Burying beetles are resource specialists, meaning they need to have the right conditions to carry out their life cycle – so without the flexibility to choose different conditions, Trumbo says they engage in an active disinformation campaign to mislead rival carrion feeders. By ensuring they have the carcass all to themselves, the parents are better able to provide their young with enough food and safety from other insects who may want to eat their young, and therefore increase the likelihood their brood will make it to adulthood.
“We are finding all these elaborate details about our gut microbes and co-adaptation with gut microbes and specializations. Anytime you have a resource specialist, like the burying beetle, they are going to encounter a similar microbial community every time they find their resource, then they might have some really complex adaptations as well,” says Trumbo.

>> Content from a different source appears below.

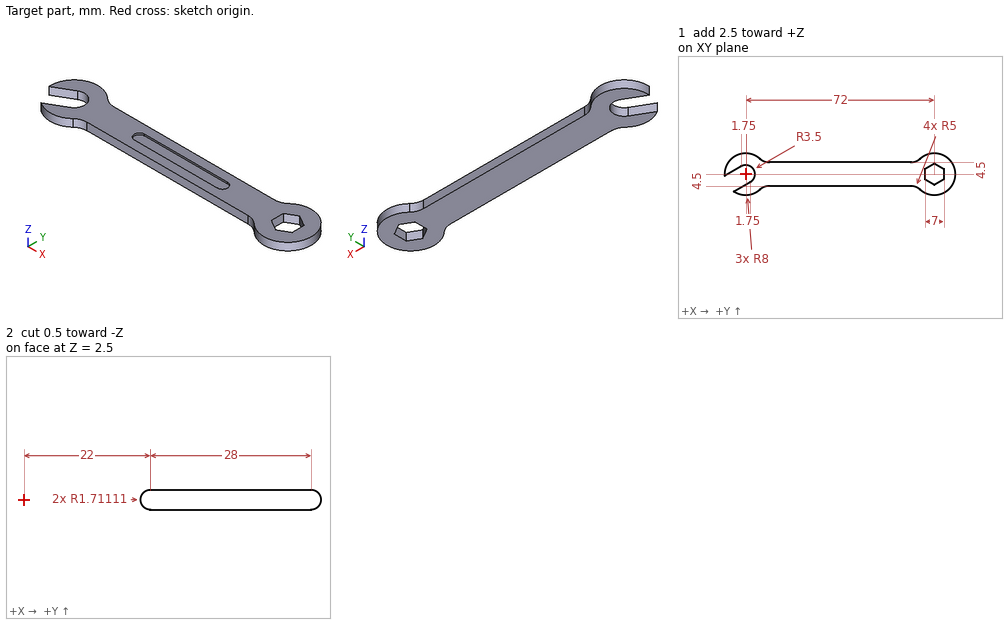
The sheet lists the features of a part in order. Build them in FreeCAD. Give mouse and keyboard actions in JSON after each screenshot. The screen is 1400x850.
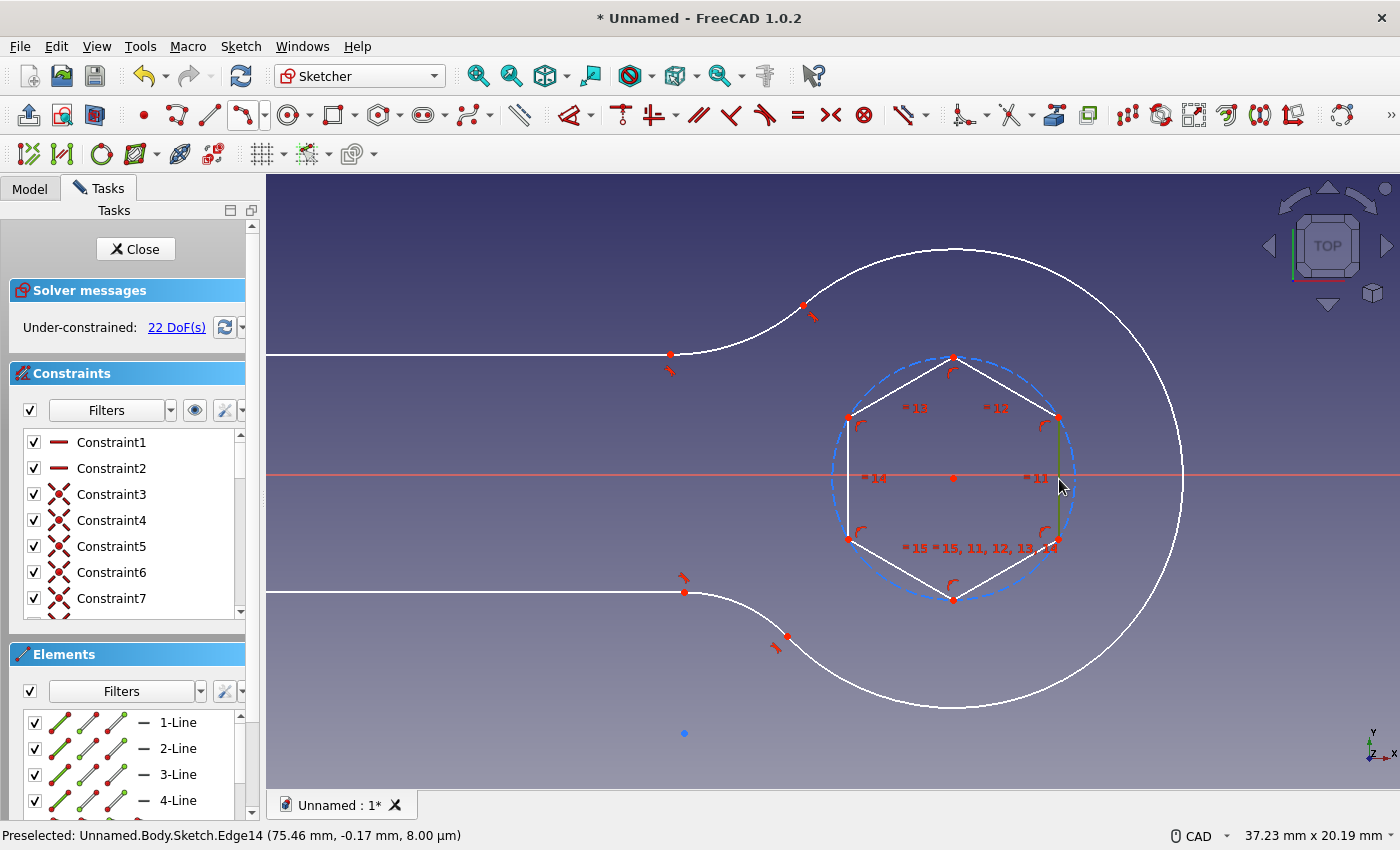
{"action": "left_click", "coordinate": [676, 116]}

Further work is needed to discern which microbes are recruited or controlled in the preparation process, but the results show that preparation alters the microbial-derived cues to mask the information from other beetles. Trumbo and his colleagues are now looking at cues in different species of burying beetles, and he says they have been approached by another research team hoping to help conserve the endangered species of American burying beetle, where conservationists may be able to use the chemical cues Trumbo’s team found for conservation efforts.
“We know microbes are producing volatile chemicals that signal all sorts of things,” says Trumbo. “These microbial volatiles are all over the place, but we do not know much about how animals manipulate them. This is an interesting case of deception in the animal world.”
Collaborators include Paula Philbrick of UConn and Sandra Steiger and Johannes Stökl of The University of Bayreuth. The research was supported by The University of Connecticut Research Foundation and by the German Research Foundation.